[RECORDED DATA — start]
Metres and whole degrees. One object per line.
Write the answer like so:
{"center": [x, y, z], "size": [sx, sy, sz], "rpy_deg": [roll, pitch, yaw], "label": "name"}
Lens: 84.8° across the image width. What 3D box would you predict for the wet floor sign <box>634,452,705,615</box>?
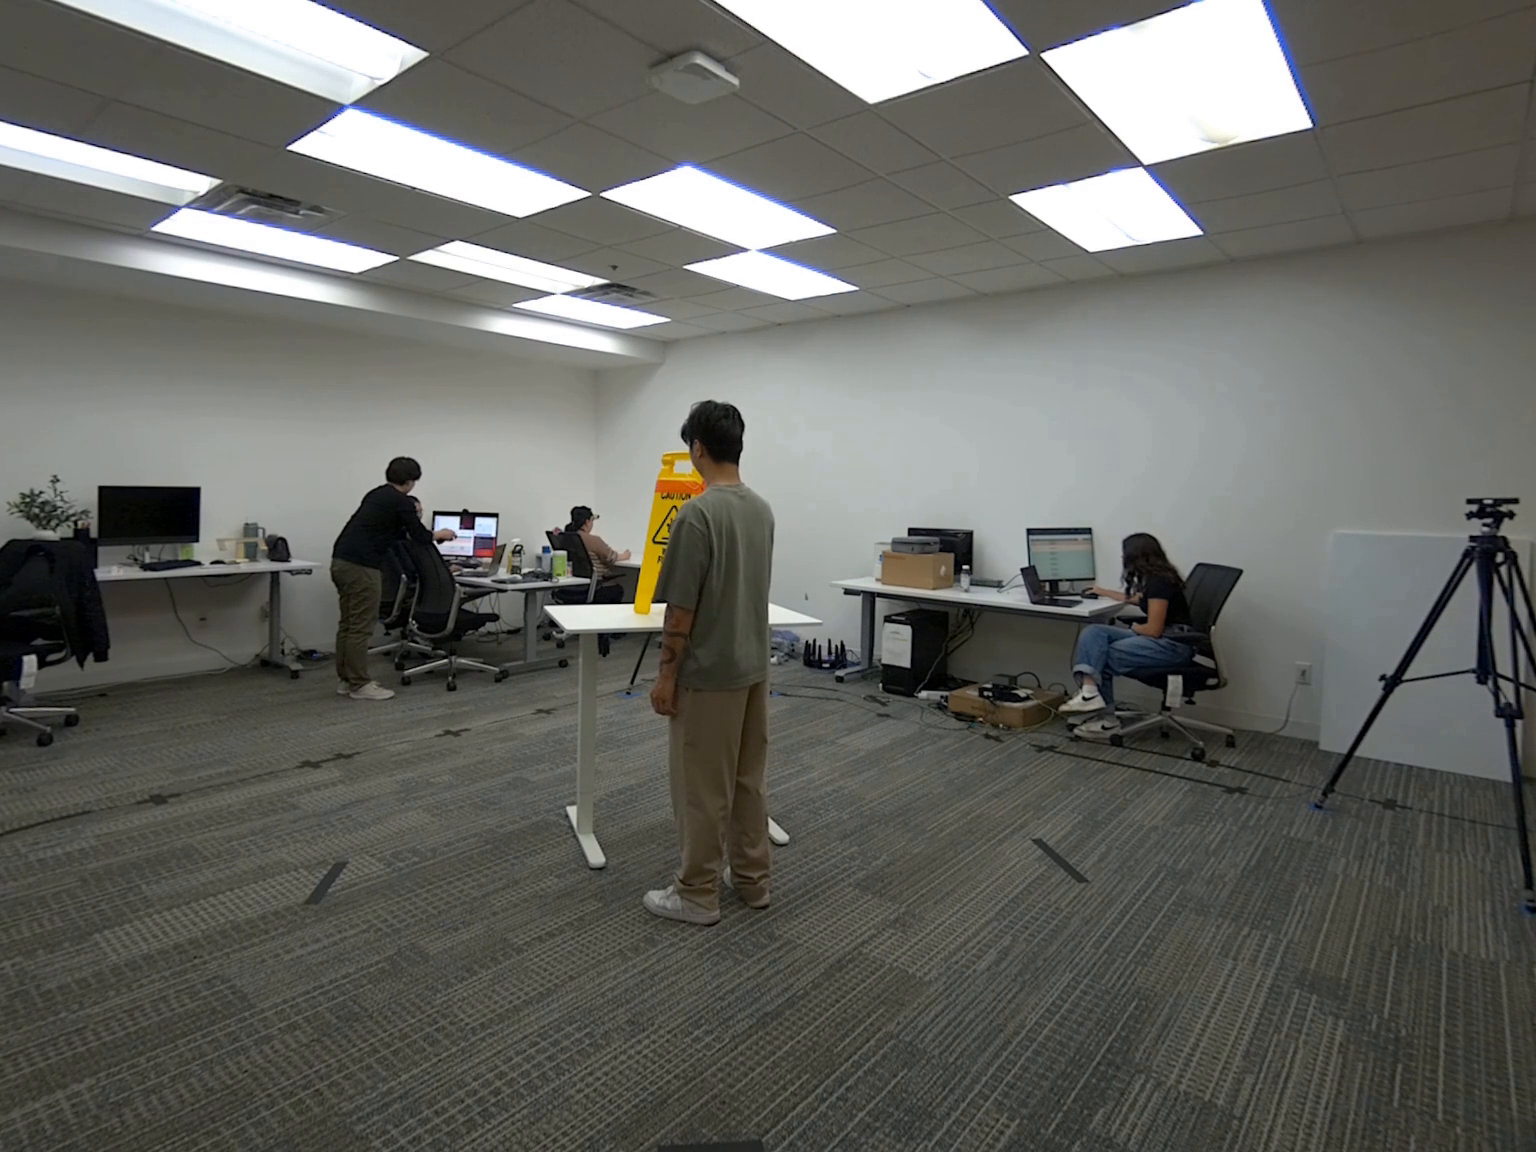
[RECORDED DATA — finish]
EXERCISE DESCRIPTION —
Copy every line above exactly; images stay out.

WRITTEN RESPONSE —
Metres and whole degrees. One object per line.
Write the answer like so:
{"center": [x, y, z], "size": [sx, sy, sz], "rpy_deg": [roll, pitch, yaw], "label": "name"}
Lens: 84.8° across the image width. What 3D box would you predict for the wet floor sign <box>634,452,705,615</box>?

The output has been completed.